Is the chemical effects applet totally free standing; i.e. that it pays no attention to the pool parameters (other than volume) entered in the upper part of the calculator?

Original poster, I apologize for adding confusion to your thread - that was not my intent.
 
No problem singingpond. I wish more people would take the time to seek clarification so they can truly understand others (rather than just make assumptions).

By the way, I forgot to mention, but I tested my TDS, also, and came up with 184. That actually seems very low considering the rest of my pool chemistry. Later today, I'll report today's numbers, but won't have new numbers till Thursday.
 
Well, I hope you keep posting and asking questions! Your pool is unusual enough in its chemistry to be quite interesting. What is going on in there will be hard to understand and predict for most of us on the forum, as you are pretty far away from the familiar chemical ranges for CYA and CH. So, pay special attention to Chem Geek (and one or two other posters, myself not included) who actually understand the underlying chemistry in a more than superficial way.
 
I'm confused by a couple of things. I agree that the 10 drops base demand corresponds to 3.2 lbs. soda ash into 10,000 gallons, according to the Taylor chart. I couldn't figure out where your 7.0 to 7.17 estimate came from at first, but I think you were looking at the effect of 3.2 lbs. in the OP's 20,000 gallon pool, rather than in the hypothetical 10,000 gallons on the base demand chart. That factor of 2 difference explains some of it.

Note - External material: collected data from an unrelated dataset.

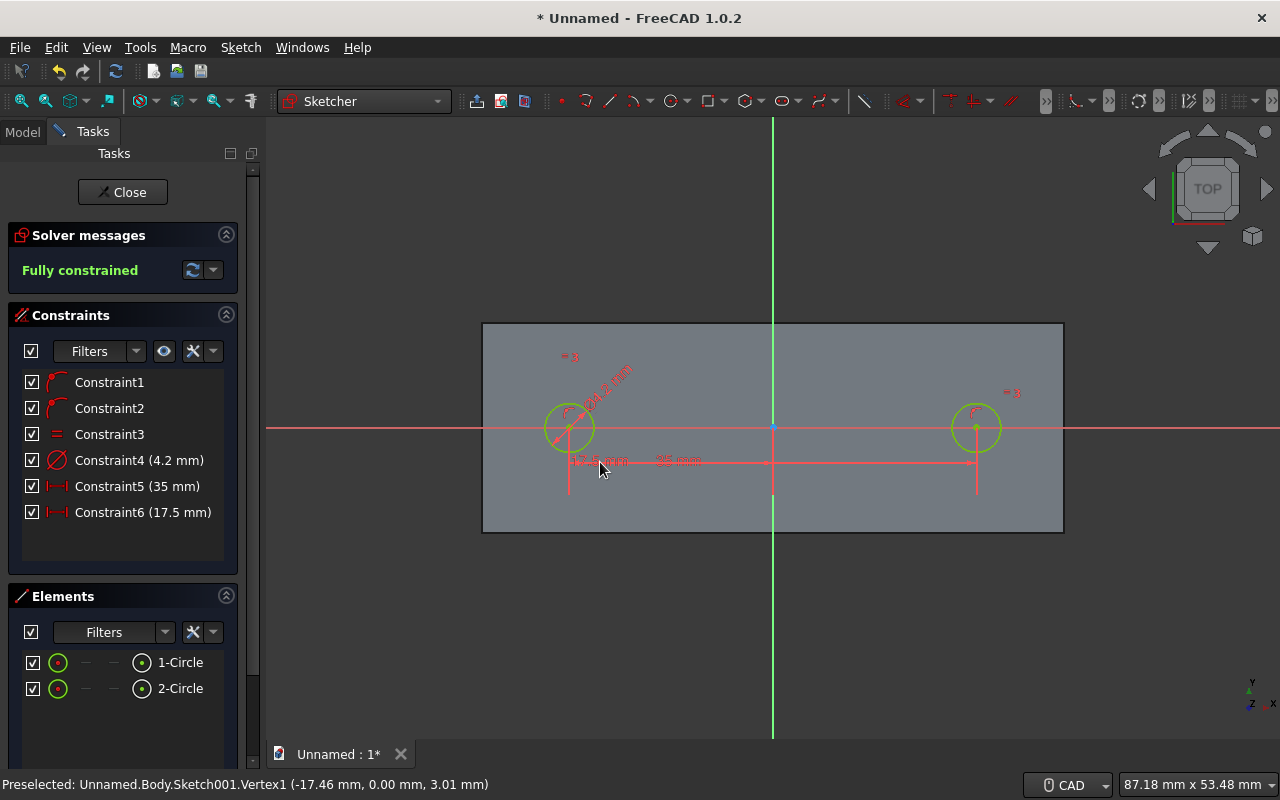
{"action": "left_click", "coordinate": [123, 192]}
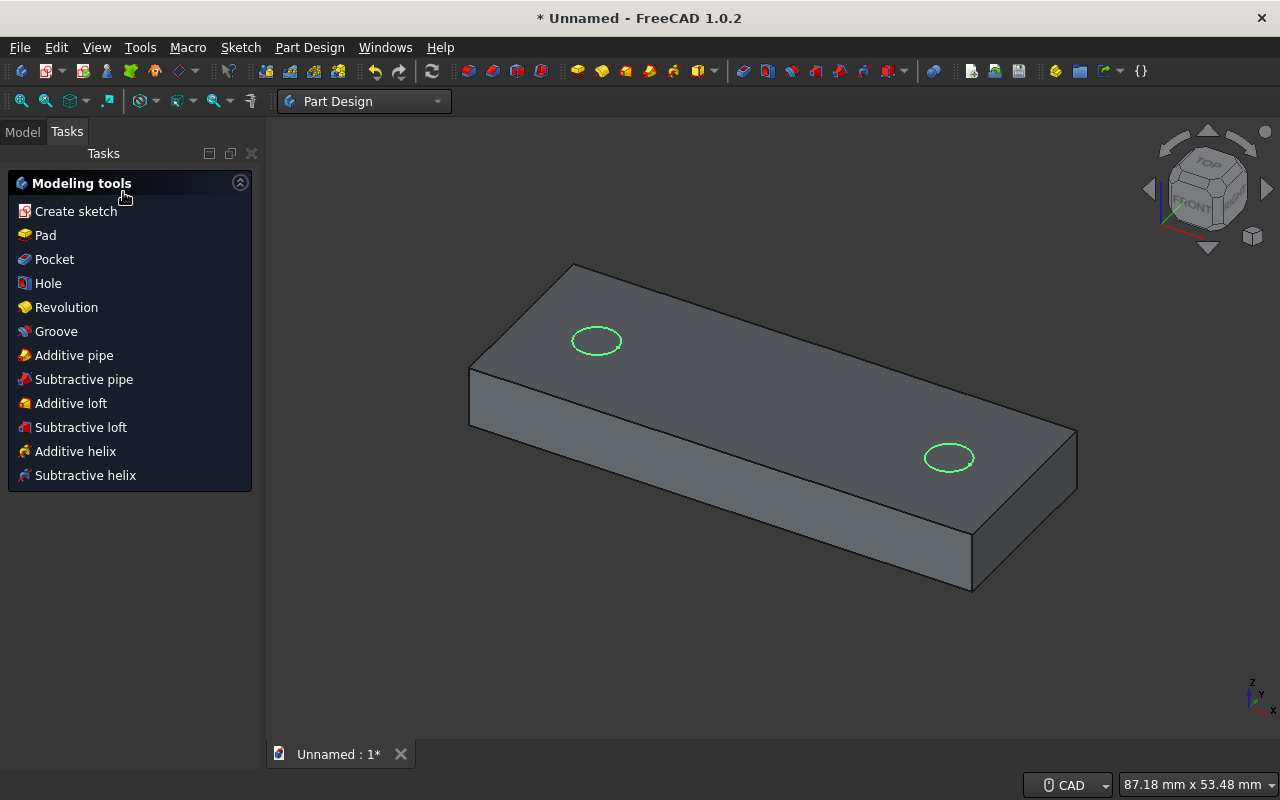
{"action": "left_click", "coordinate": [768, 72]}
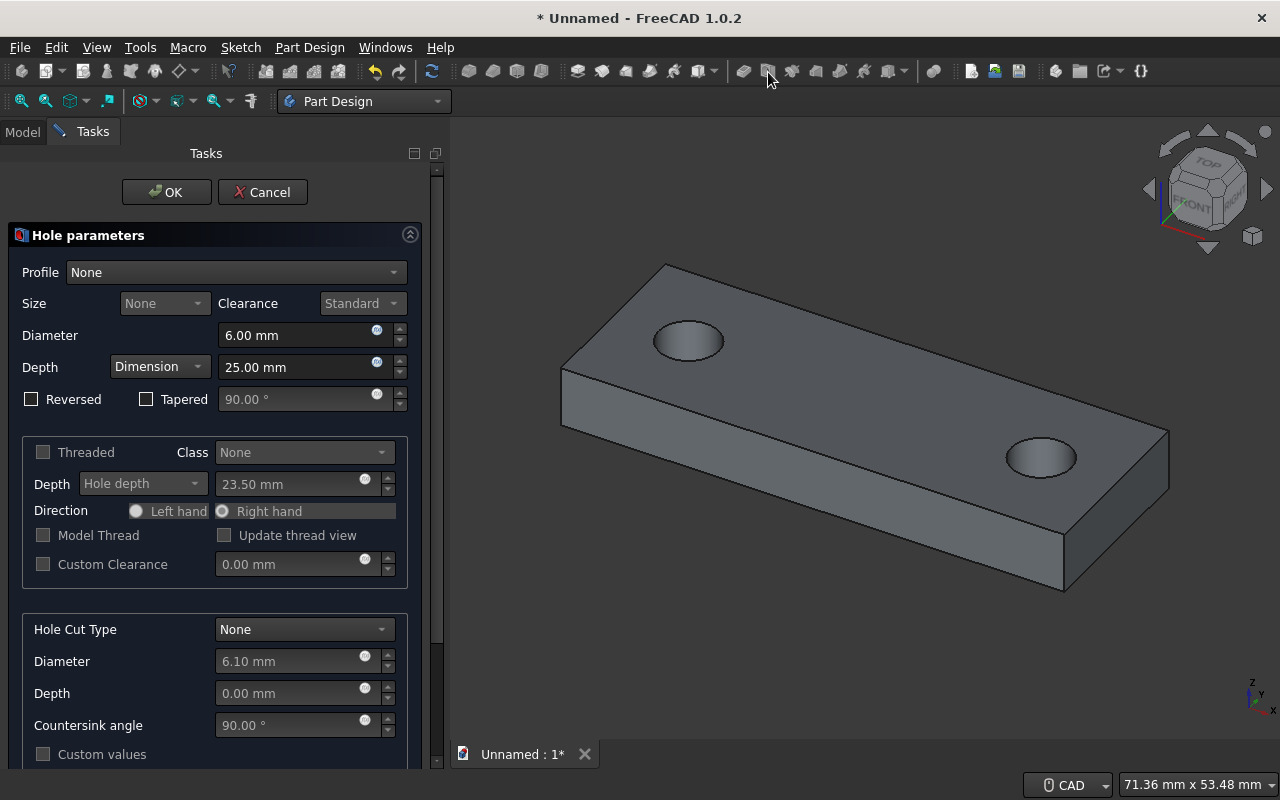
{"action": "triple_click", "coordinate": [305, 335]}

That still leaves me really confused about the part of PoolMath I was looking at earlier, prior to my claim that the pool pH might be well below 7.0. If I go to the applet at the bottom of the PoolMath page, to look at effects of adding chemicals, and put 51 oz. soda ash into 10,000 gallons, it says that will raise pH by 1.11. Why is that number so far off from what the main part of the calculator says?

Is the chemical effects applet totally free standing; i.e. that it pays no attention to the pool parameters (other than volume) entered in the upper part of the calculator?

Original poster, I apologize for adding confusion to your thread - that was not my intent.

Nope, I used 3.2 pounds in 10,000 gallons, not 20,000 gallons, using the pH of 7.0, TA of 170, FC of 7.0, CYA of 540, CH of 1500. However, you cannot use PoolMath for this because the numbers are way out of the range where it can do pH calculations. I used my Pool Equations spreadsheet. pH calculations are very complicated so PoolMath uses table lookups and interpolation for reasonable pH and TA and CYA ranges. The TA and CYA are way out of the norm so the calculations in PoolMath are not correct. The calculations in my spreadsheet are correct but very complex.
 
I was very careful about the drops. Here are new pictures and chemical numbers:

FC = 2.6 (from 2.2 yesterday with 4 gallons of chlorine added last night -- should I ask tenant to only put in 3 gallons a night or keep it at 4 gallons and see what it is like on Thursday?)
CC = 0.8 (from 0.6 yesterday)
pH = 7.2 & 7 drops to 7.4 (from 7.2 & 8 drops yesterday)
Alkalinity - 190 (170 on Thursday, 320 on Friday, so it is dropping back down)

The pictures don't show any algae, though it appears to show stains where the algae used to be.
https://www.dropbox.com/sh/bmm1j14f22xdbs6/AACrvWkuK7Wzm3DiTQ1IaAxea?dl=0

Do you recommend I just maintain it as it is till I re-plaster the pool, or do you have concerns I need to address? Thanks for your help.